* WORK TO COMPLETE *
Please copy, exactly as they appear below, the lines from the one containing "text Slotbepalingen [248, 1110, 1152, 1136]" through the one containing "list Tot het vaststellen".
───── STORED DATA
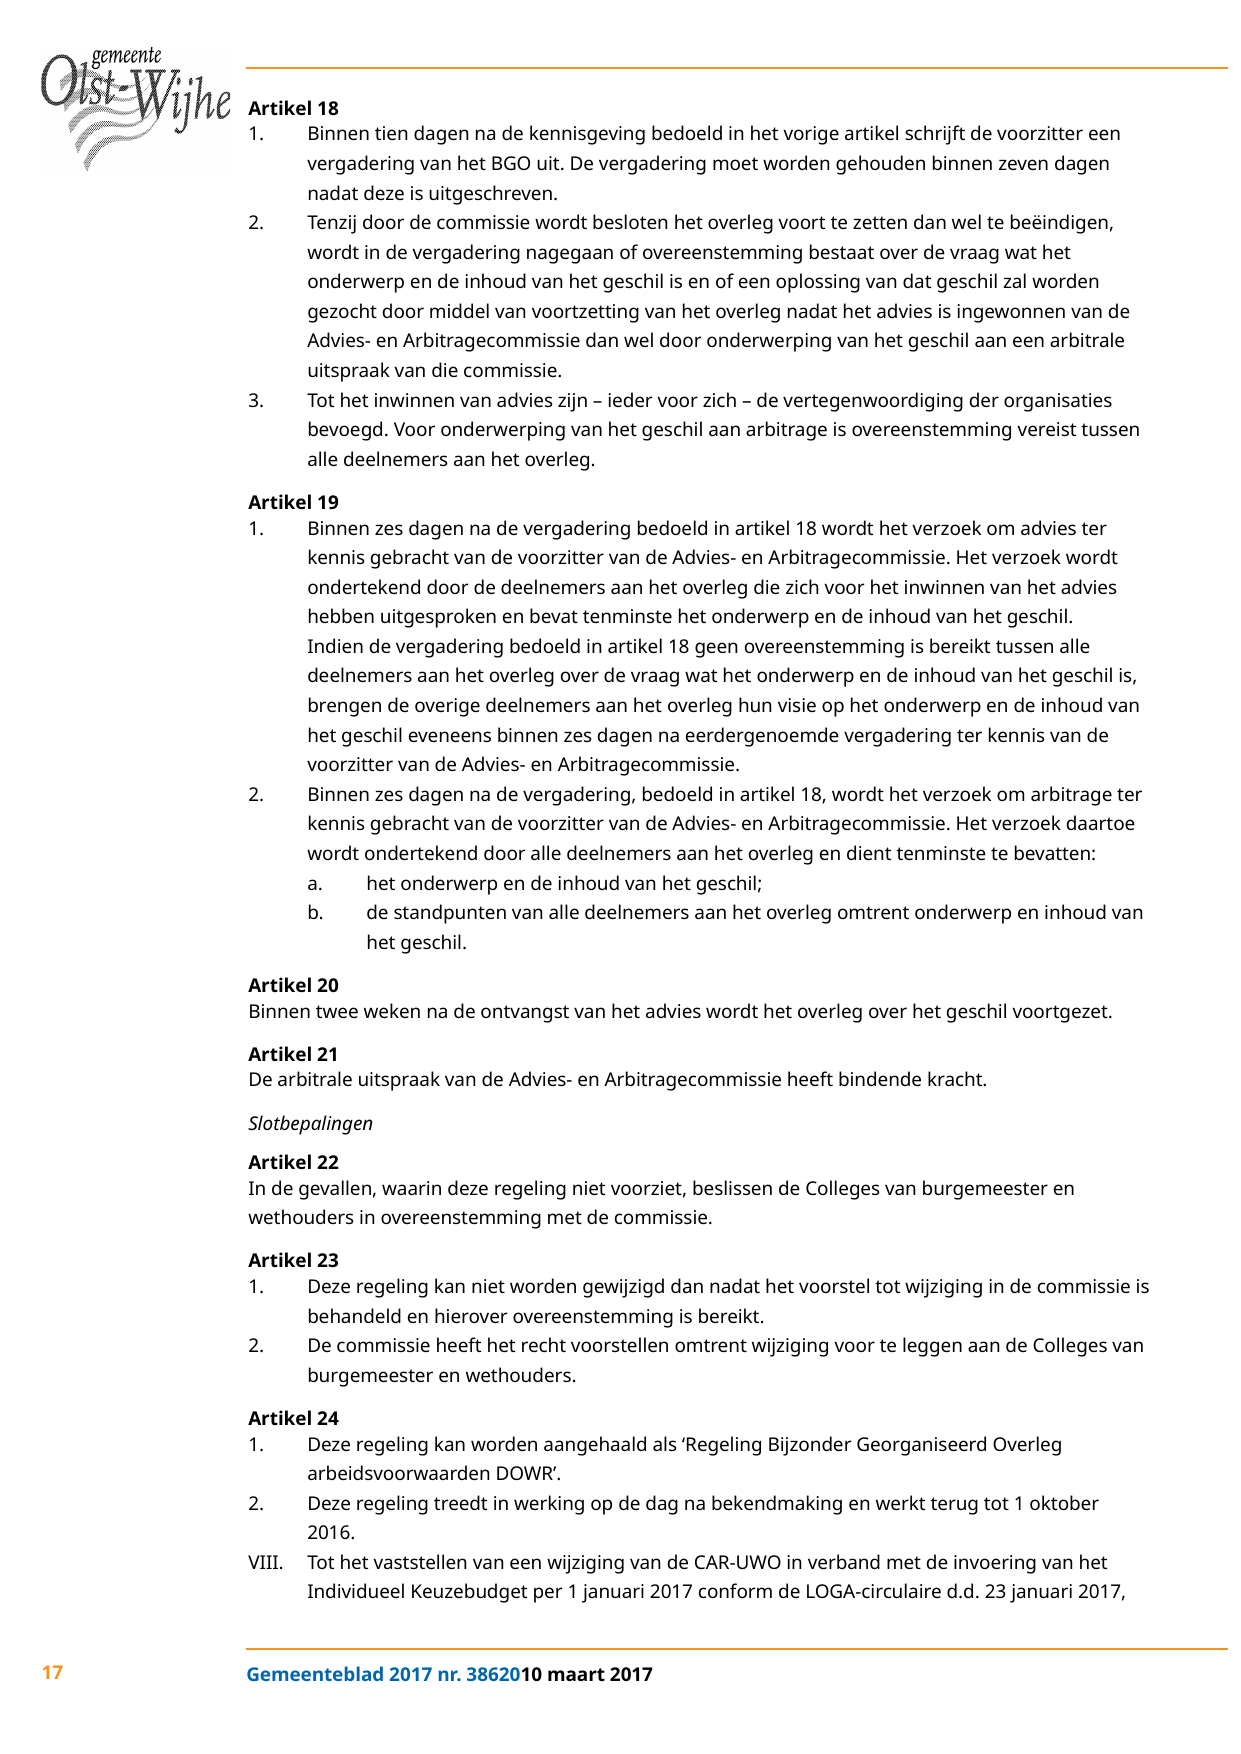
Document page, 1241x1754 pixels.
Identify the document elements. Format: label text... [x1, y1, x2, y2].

list Tot het inwinnen van advies zijn – ieder voor zich – de vertegenwoordiging der organisaties bevoegd. Voor onderwerping van het geschil aan arbitrage is overeenstemming vereist tussen alle deelnemers aan het overleg. [248, 387, 1152, 472]
list De commissie heeft het recht voorstellen omtrent wijziging voor te leggen aan de Colleges van burgemeester en wethouders. [248, 1332, 1152, 1388]
list Indien de vergadering bedoeld in artikel 18 geen overeenstemming is bereikt tussen alle deelnemers aan het overleg over de vraag wat het onderwerp en de inhoud van het geschil is, brengen de overige deelnemers aan het overleg hun visie op het onderwerp en de inhoud van het geschil eveneens binnen zes dagen na eerdergenoemde vergadering ter kennis van de voorzitter van de Advies- en Arbitragecommissie. [248, 633, 1152, 777]
text Binnen twee weken na de ontvangst van het advies wordt het overleg over het geschil voortgezet. [248, 998, 1152, 1023]
text Slotbepalingen [248, 1110, 1152, 1136]
text Artikel 22 [248, 1149, 1152, 1175]
list Tot het vaststellen van een wijziging van de CAR-UWO in verband met de invoering van het Individueel Keuzebudget per 1 januari 2017 conform de LOGA-circulaire d.d. 23 januari 2017, [248, 1549, 1152, 1604]
list Deze regeling kan worden aangehaald als ‘Regeling Bijzonder Georganiseerd Overleg arbeidsvoorwaarden DOWR’. [248, 1431, 1152, 1486]
list het onderwerp en de inhoud van het geschil; [307, 870, 1152, 896]
list Binnen zes dagen na de vergadering bedoeld in artikel 18 wordt het verzoek om advies ter kennis gebracht van de voorzitter van de Advies- en Arbitragecommissie. Het verzoek wordt ondertekend door de deelnemers aan het overleg die zich voor het inwinnen van het advies hebben uitgesproken en bevat tenminste het onderwerp en de inhoud van het geschil. [248, 515, 1152, 629]
text Artikel 21 [248, 1041, 1152, 1067]
text In de gevallen, waarin deze regeling niet voorziet, beslissen de Colleges van burgemeester en wethouders in overeenstemming met de commissie. [248, 1175, 1152, 1230]
list de standpunten van alle deelnemers aan het overleg omtrent onderwerp en inhoud van het geschil. [307, 899, 1152, 955]
text Artikel 19 [248, 489, 1152, 515]
list Binnen tien dagen na de kennisgeving bedoeld in het vorige artikel schrijft de voorzitter een vergadering van het BGO uit. De vergadering moet worden gehouden binnen zeven dagen nadat deze is uitgeschreven. [248, 121, 1152, 205]
list Binnen zes dagen na de vergadering, bedoeld in artikel 18, wordt het verzoek om arbitrage ter kennis gebracht van de voorzitter van de Advies- en Arbitragecommissie. Het verzoek daartoe wordt ondertekend door alle deelnemers aan het overleg en dient tenminste te bevatten: [248, 781, 1152, 866]
text Artikel 20 [248, 972, 1152, 998]
text Artikel 18 [248, 95, 1152, 121]
text De arbitrale uitspraak van de Advies- en Arbitragecommissie heeft bindende kracht. [248, 1067, 1152, 1092]
list Tenzij door de commissie wordt besloten het overleg voort te zetten dan wel te beëindigen, wordt in de vergadering nagegaan of overeenstemming bestaat over de vraag wat het onderwerp en de inhoud van het geschil is en of een oplossing van dat geschil zal worden gezocht door middel van voortzetting van het overleg nadat het advies is ingewonnen van de Advies- en Arbitragecommissie dan wel door onderwerping van het geschil aan een arbitrale uitspraak van die commissie. [248, 209, 1152, 383]
text Artikel 23 [248, 1247, 1152, 1273]
list Deze regeling treedt in werking op de dag na bekendmaking en werkt terug tot 1 oktober 2016. [248, 1490, 1152, 1545]
picture [41, 47, 231, 172]
text Artikel 24 [248, 1405, 1152, 1431]
list Deze regeling kan niet worden gewijzigd dan nadat het voorstel tot wijziging in de commissie is behandeld en hierover overeenstemming is bereikt. [248, 1273, 1152, 1328]
──────────
* REPLY TO THE TASK *
text Slotbepalingen [248, 1110, 1152, 1136]
text Artikel 22 [248, 1149, 1152, 1175]
list Tot het vaststellen van een wijziging van de CAR-UWO in verband met de invoering van het Individueel Keuzebudget per 1 januari 2017 conform de LOGA-circulaire d.d. 23 januari 2017, [248, 1549, 1152, 1604]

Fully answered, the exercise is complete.